Michael Kors Fall 2004 Collection - photo by Randy Brooke
Michael Kors Fall 2004 Collection



Women's sexuality has experienced an identity crisis for the past two fashion seasons. In Fall 2004 we saw RTW take a semi-androgynous direction with a severe and arrogant attitude - reintroducing fashion's obsession with women dressing in men's clothing or girls pretending to be boys, while prepossessing a tough and powerful masculine attitude. At Gucci, the modern woman was Trinity from the Matrix - slicked back hair, neutral lips and dark eyes, dressed in black and white, all leather boots and gloves or in contrast the sexed up vamp sporting a sheer black lace dress with garters perfectly prepared for a Helmut Newton shoot. At Dior, John Galliano's exploration of fetish came dressed in second-skin laced-up PVC, where women were sex robots with Kabuki faces, akin to drag queens in disguise.

Karl Lagerfeld, always with an ear to the ground watching the subversive sexuality and themes in pop culture, had clear cut juxtapositions of half man-half woman models stalking the catwalks for his Lagerfeld Gallery collection. Models in teeny minis, sharp stiletto ankle boots were topped off with constricting super starched shirts and Edwardian style collars. Skinny leather ties and cropped broad shouldered jackets finished the look. Michael Kors left behind his traditional high class concepts and delved into rock n' roll biker chicks clad in black leather, playing with outsized proportions up top and slim silhouettes below the waist. Dolce & Gabbana saw Naomi Campbell as a Dandy in pantsuit and Day-Glo accessories. Even the more traditional Ralph Lauren and Oscar de la Renta chose the girls as boys theme with an Oliver Twist old world sensibility. Miuccia Prada always one to mix up male and female elements chose tweeds, men's shirting, pinstripe pants and man-sized sweaters mixed in with 50s circle skirts and her futuristic explorations of computer generated prints for her signature collection.
 YSL Fall 2004 Collection. Photo by Randy Brooke
YSL Spring 2004 Collection
In sharp contrast Spring 2004 with its frou frou femininity and the reintroduction of 50s conservative Republican sensibilities, featured some decidedly quirky embellishments to make it all seem new. Whether it meant purifying women as virginal embodiments of virtue or frilly girlishness with fashions that leave behind the overtly masculine tendencies seen in the fall collections, designers chose to display women in all their soft sensuality without the unabashed sexiness found in scandalous flesh-flaunting silhouettes, which Miuccia Prada coined “the desperation of sexy,” of past seasons. Even Donatella Versace, always one to push the envelope in sex appeal, went from her fall musings of monochromatic slick skinny pant suits and rocker fringe to an explosion of vibrant flowers and more conservative (as conservative as a Versace girl can get that is) chiffon dresses and skirt suits.

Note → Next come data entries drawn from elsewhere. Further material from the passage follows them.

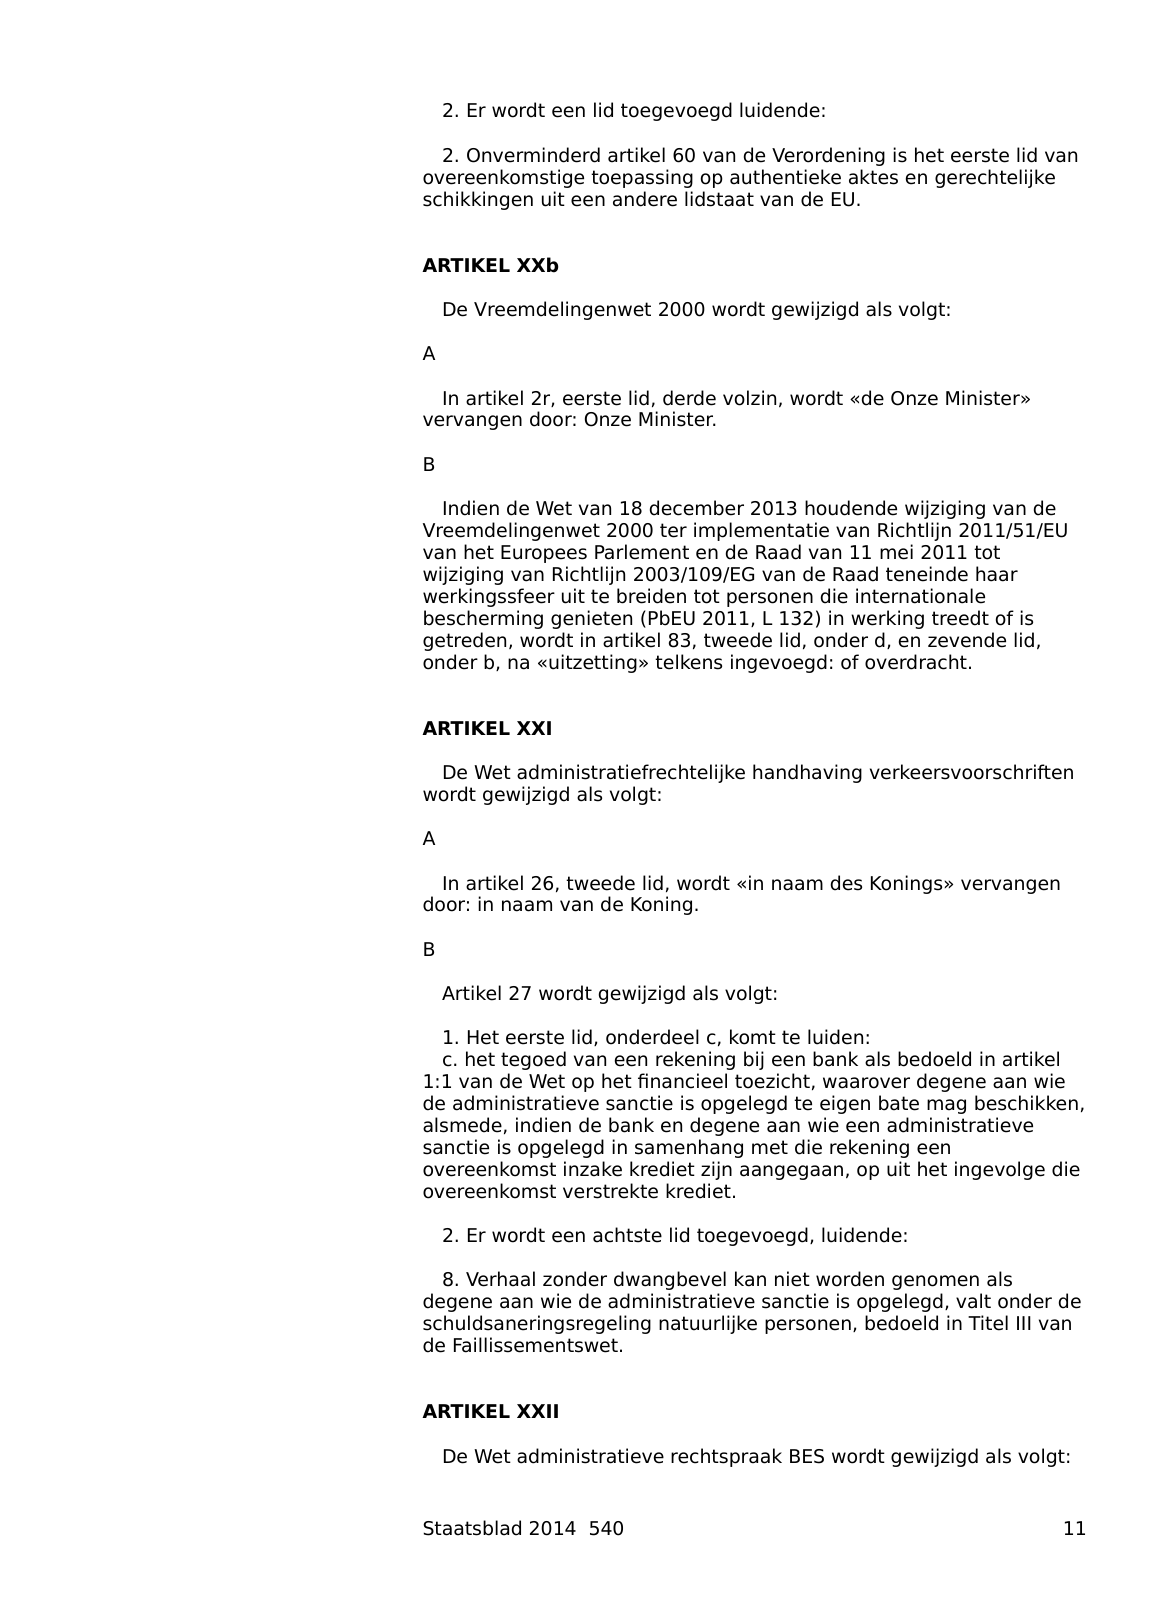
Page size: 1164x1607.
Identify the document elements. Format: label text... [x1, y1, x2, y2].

text B [422, 453, 1087, 476]
text 8. Verhaal zonder dwangbevel kan niet worden genomen als degene aan wie de administratieve sanctie is opgelegd, valt onder de schuldsaneringsregeling natuurlijke personen, bedoeld in Titel III van de Faillissementswet. [422, 1269, 1087, 1357]
text In artikel 26, tweede lid, wordt «in naam des Konings» vervangen door: in naam van de Koning. [422, 872, 1087, 916]
text De Vreemdelingenwet 2000 wordt gewijzigd als volgt: [422, 299, 1087, 321]
text A [422, 828, 1087, 850]
subtitle ARTIKEL XXI [422, 718, 1087, 740]
text c. het tegoed van een rekening bij een bank als bedoeld in artikel 1:1 van de Wet op het financieel toezicht, waarover degene aan wie de administratieve sanctie is opgelegd te eigen bate mag beschikken, alsmede, indien de bank en degene aan wie een administratieve sanctie is opgelegd in samenhang met die rekening een overeenkomst inzake krediet zijn aangegaan, op uit het ingevolge die overeenkomst verstrekte krediet. [422, 1049, 1087, 1203]
text B [422, 938, 1087, 961]
subtitle ARTIKEL XXb [422, 255, 1087, 277]
text De Wet administratiefrechtelijke handhaving verkeersvoorschriften wordt gewijzigd als volgt: [422, 762, 1087, 806]
text Indien de Wet van 18 december 2013 houdende wijziging van de Vreemdelingenwet 2000 ter implementatie van Richtlijn 2011/51/EU van het Europees Parlement en de Raad van 11 mei 2011 tot wijziging van Richtlijn 2003/109/EG van de Raad teneinde haar werkingssfeer uit te breiden tot personen die internationale bescherming genieten (PbEU 2011, L 132) in werking treedt of is getreden, wordt in artikel 83, tweede lid, onder d, en zevende lid, onder b, na «uitzetting» telkens ingevoegd: of overdracht. [422, 498, 1087, 673]
text De Wet administratieve rechtspraak BES wordt gewijzigd als volgt: [422, 1446, 1087, 1467]
text 2. Er wordt een achtste lid toegevoegd, luidende: [422, 1225, 1087, 1247]
text 2. Onverminderd artikel 60 van de Verordening is het eerste lid van overeenkomstige toepassing op authentieke aktes en gerechtelijke schikkingen uit een andere lidstaat van de EU. [422, 144, 1087, 211]
text 2. Er wordt een lid toegevoegd luidende: [422, 100, 1087, 122]
subtitle ARTIKEL XXII [422, 1401, 1087, 1423]
text A [422, 343, 1087, 365]
text 1. Het eerste lid, onderdeel c, komt te luiden: [422, 1027, 1087, 1049]
text In artikel 2r, eerste lid, derde volzin, wordt «de Onze Minister» vervangen door: Onze Minister. [422, 387, 1087, 431]
text Artikel 27 wordt gewijzigd als volgt: [422, 983, 1087, 1005]

 Gucci Fall 2004 Collection - photo by Randy Brooke
Gucci Fall 2004 Collection
At Chanel - where there once were motorcycle riding mademoiselles in a black and white palette of dresses and denim accented by leathery legs and motocross boots - for spring Lagerfeld's Chanel visions included crochet, pastel pink tweed, bushels of roses and colorful polka dot prints. Looks so sweet they inspired toothaches! Tom Ford undid his sexy femmes fatales and chose more sporty bambine in slouchy tees and side striped track pants, highlighting sexy cropped and expertly tailored supple jackets. John Galliano's epitome of feminine was Marlene Dietrich as only he can interpret, in satin suits, tattoo body stockings, garters and corsets, substantially toned down from past sex antics. D&G replaced their PVC wearing models from fall with a parade of reinterpreted stereotypes, ranging from the cheerleader to gingham clad southern baby dolls fresh from Middle America's farms. They did the same for the signature Dolce & Gabbana collection in a pretty mix of Pucci and Pulitzer prints - gone was the over sexed attitude of the past season.
  With all the contrasting explorations of extreme sexual identities within feminine fashion, what was missed was a social undercurrent and tug of war being played out behind the fashion seams and in the media. The validity of gay marriages came into question. Showtime's launch of The "L" Word, and Sex and the City's final season along with a scandalous half-time show during America's most watched TV moment, heralded a changing perception of what will be considered sexually provocative in content, excluding nudity, for future generations. The most recent Chanel couture show whispered of this changing look which if taken and explored would re-inspire fashion’s themes for women.